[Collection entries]
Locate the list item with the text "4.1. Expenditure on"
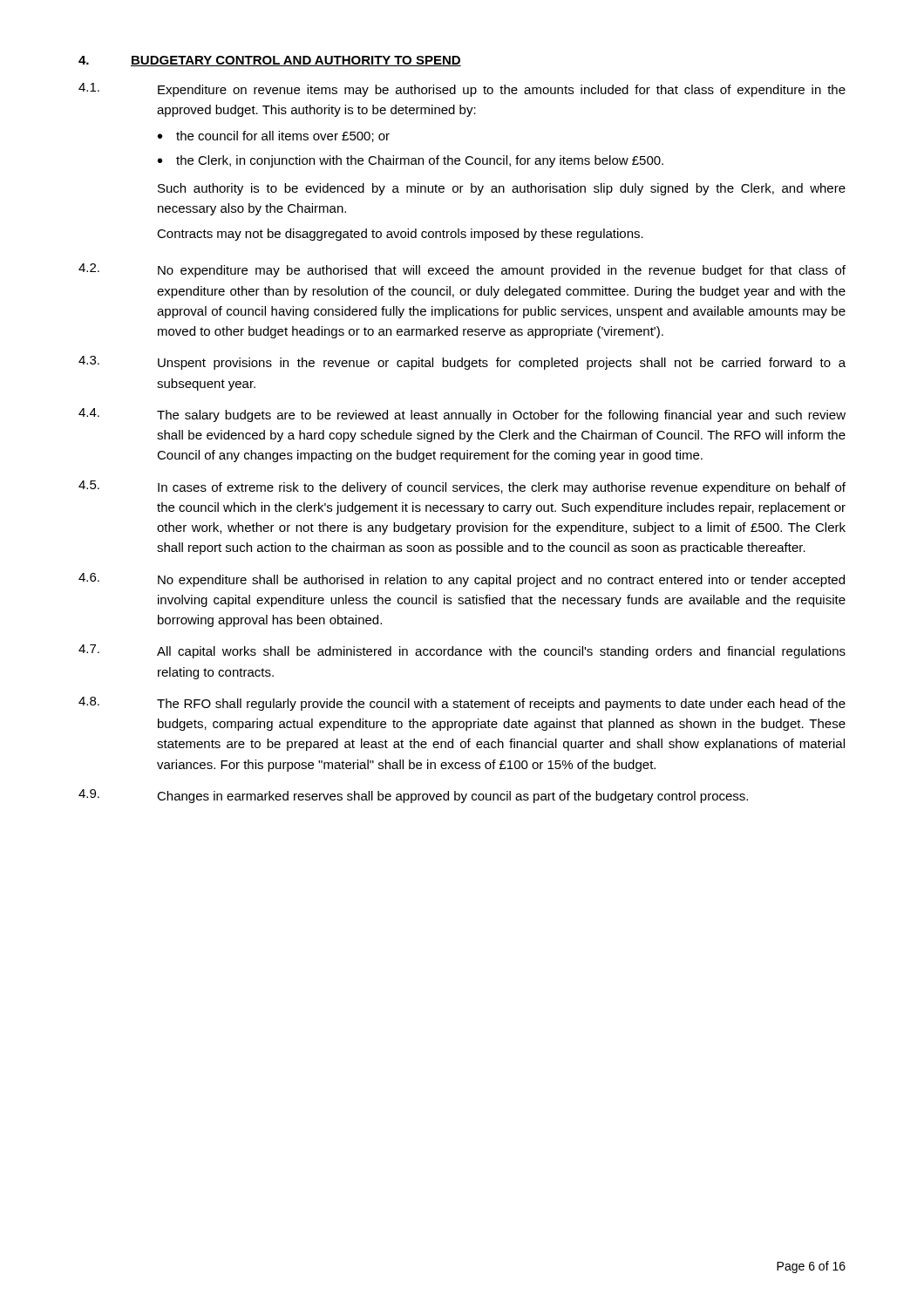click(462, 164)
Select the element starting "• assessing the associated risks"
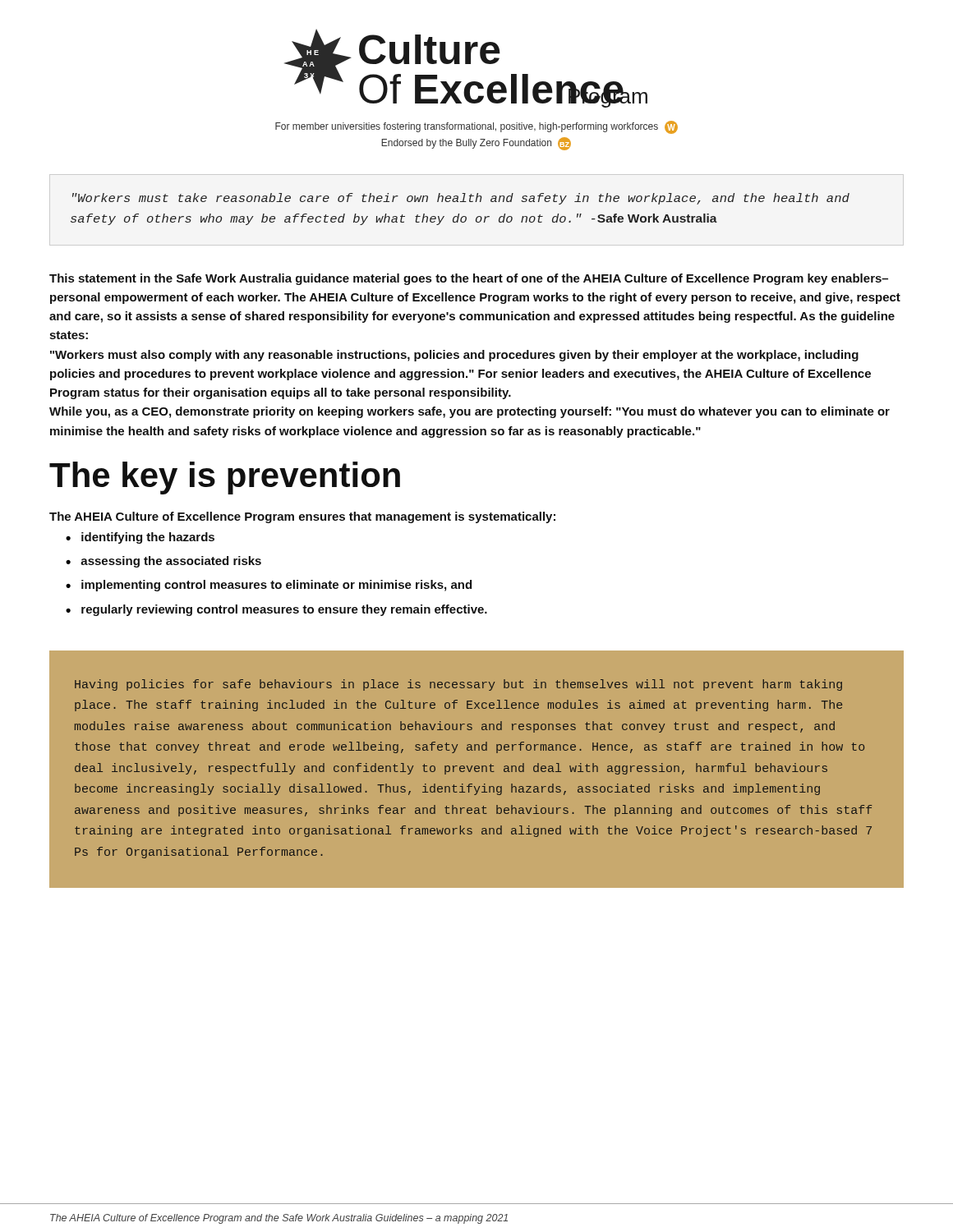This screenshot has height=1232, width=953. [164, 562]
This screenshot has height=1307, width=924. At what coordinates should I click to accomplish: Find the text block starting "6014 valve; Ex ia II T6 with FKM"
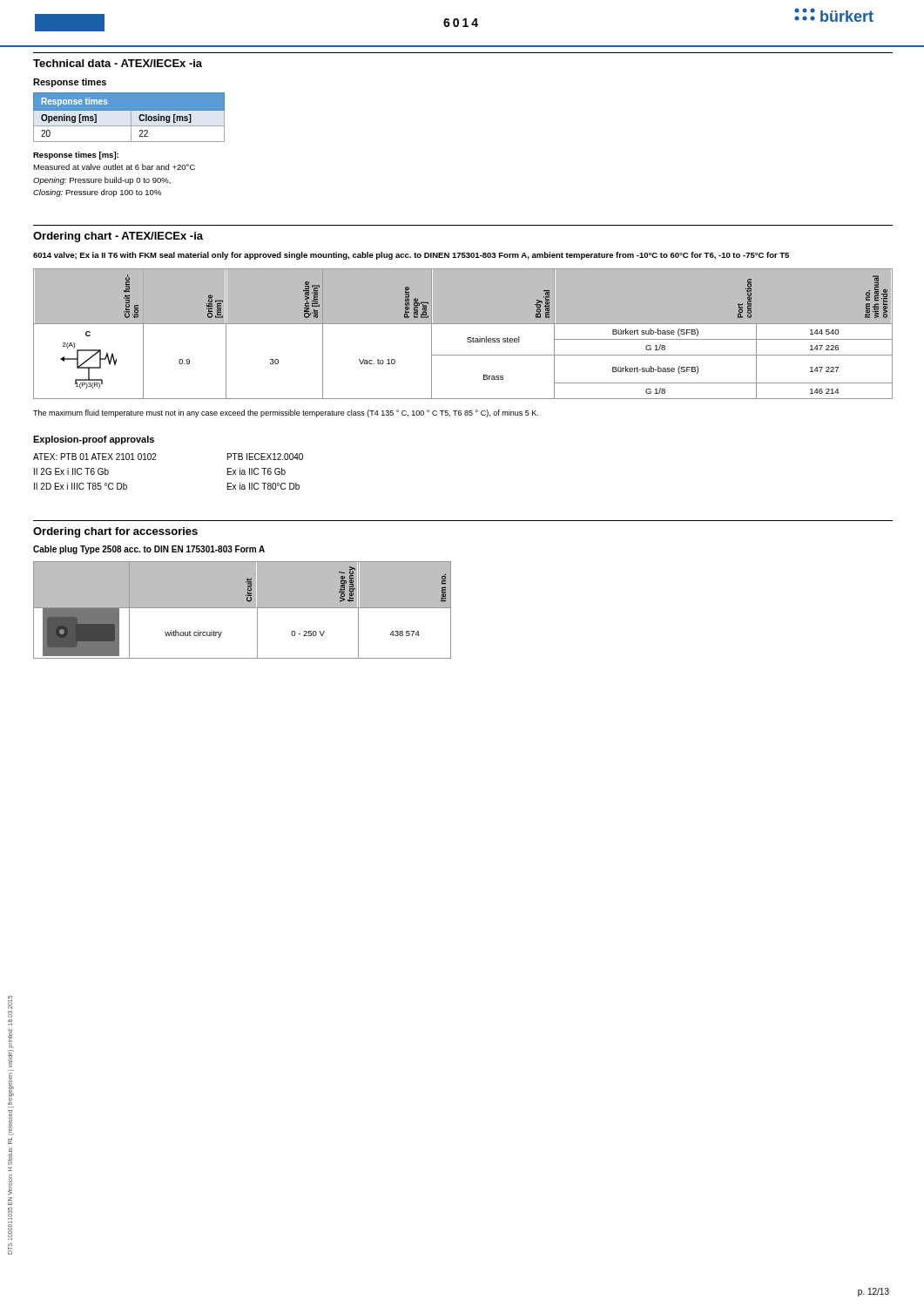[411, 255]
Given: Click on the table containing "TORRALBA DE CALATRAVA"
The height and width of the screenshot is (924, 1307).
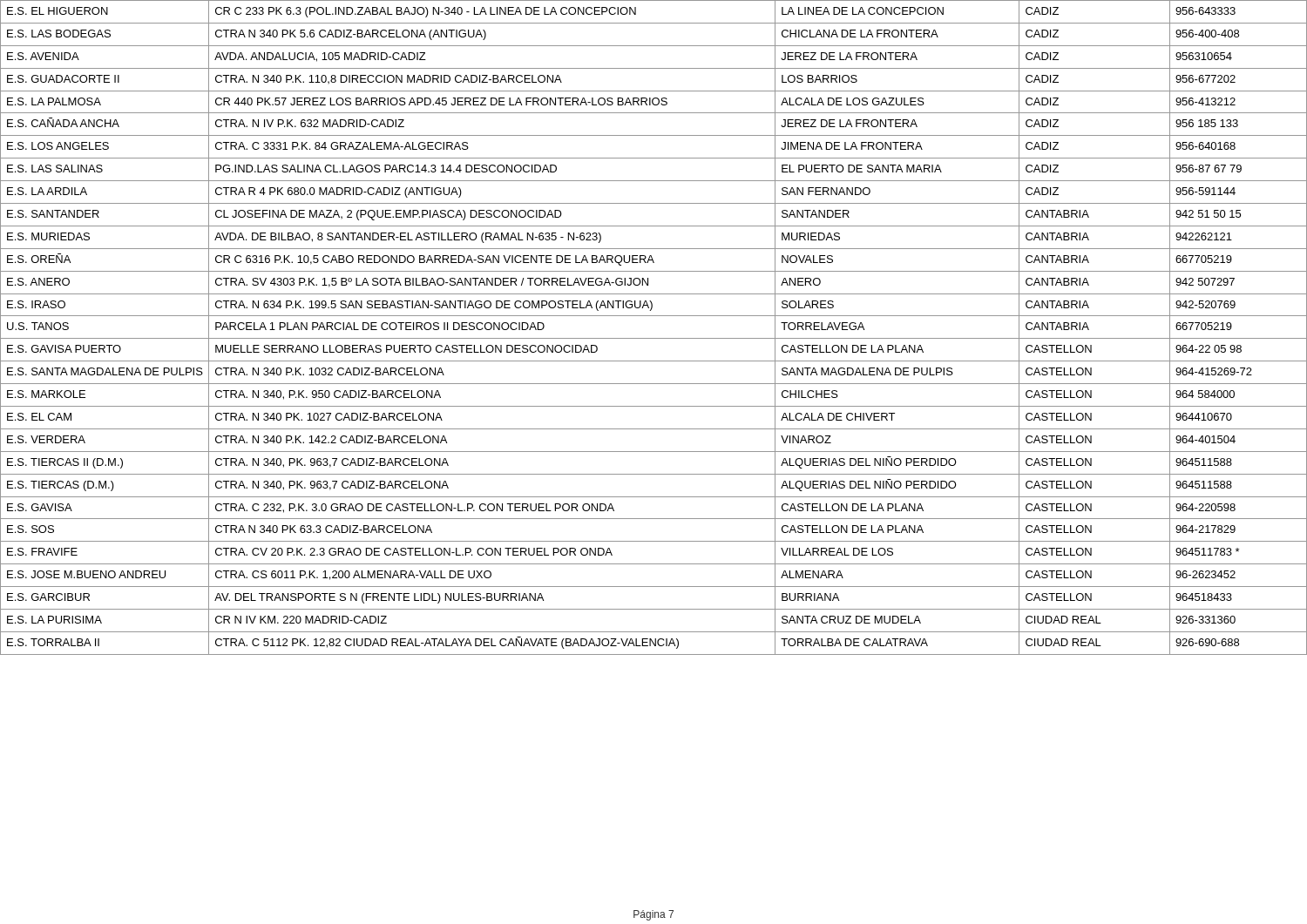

REQUIRED WORK: All lines from the one containing "Select the element" through the final line of the entries above are to be copied exactly; the pictures are not.

RESULT OF THE TASK:
Select the element starting "• assessing the associated risks"
This screenshot has height=1232, width=953. [164, 562]
This screenshot has height=1307, width=924. At what coordinates should I click to accomplish: Find the text block starting "6014 valve; Ex ia II T6 with FKM"
[411, 255]
Given: Click on the table containing "TORRALBA DE CALATRAVA"
The height and width of the screenshot is (924, 1307).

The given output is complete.